Exercise aim ->
Beginning at the line containing "- plate [345,231,464,325]" in the material below and ending at the line containing "- tongs arm [22,205,78,378]", return each line exactly and add nothing.

─── Extracted records ───

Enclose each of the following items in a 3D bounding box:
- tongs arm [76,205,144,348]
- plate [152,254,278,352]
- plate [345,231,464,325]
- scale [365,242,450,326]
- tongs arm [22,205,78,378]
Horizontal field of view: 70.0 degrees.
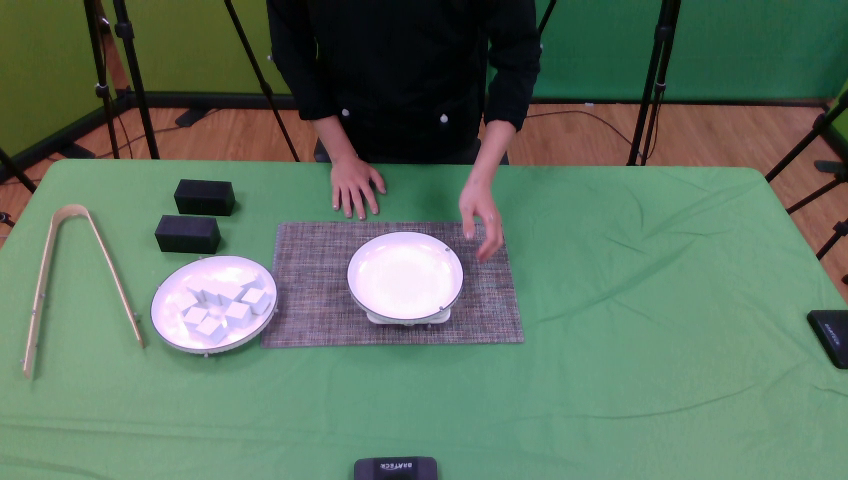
[{"bbox_3d":[-0.570,0.054,1.098,0.028,0.028,0.385,-25,53,-23],"label":"tongs arm"},{"bbox_3d":[-0.357,0.111,1.052,0.208,0.039,0.206,2,46,-2],"label":"plate"},{"bbox_3d":[-0.034,0.069,1.069,0.209,0.038,0.208,2,46,-2],"label":"plate"},{"bbox_3d":[-0.032,0.071,1.113,0.149,0.032,0.199,0,46,-4],"label":"scale"},{"bbox_3d":[-0.652,0.073,1.067,0.051,0.026,0.382,-11,46,-15],"label":"tongs arm"}]

───

Solution ->
- plate [345,231,464,325]
- scale [365,242,450,326]
- tongs arm [22,205,78,378]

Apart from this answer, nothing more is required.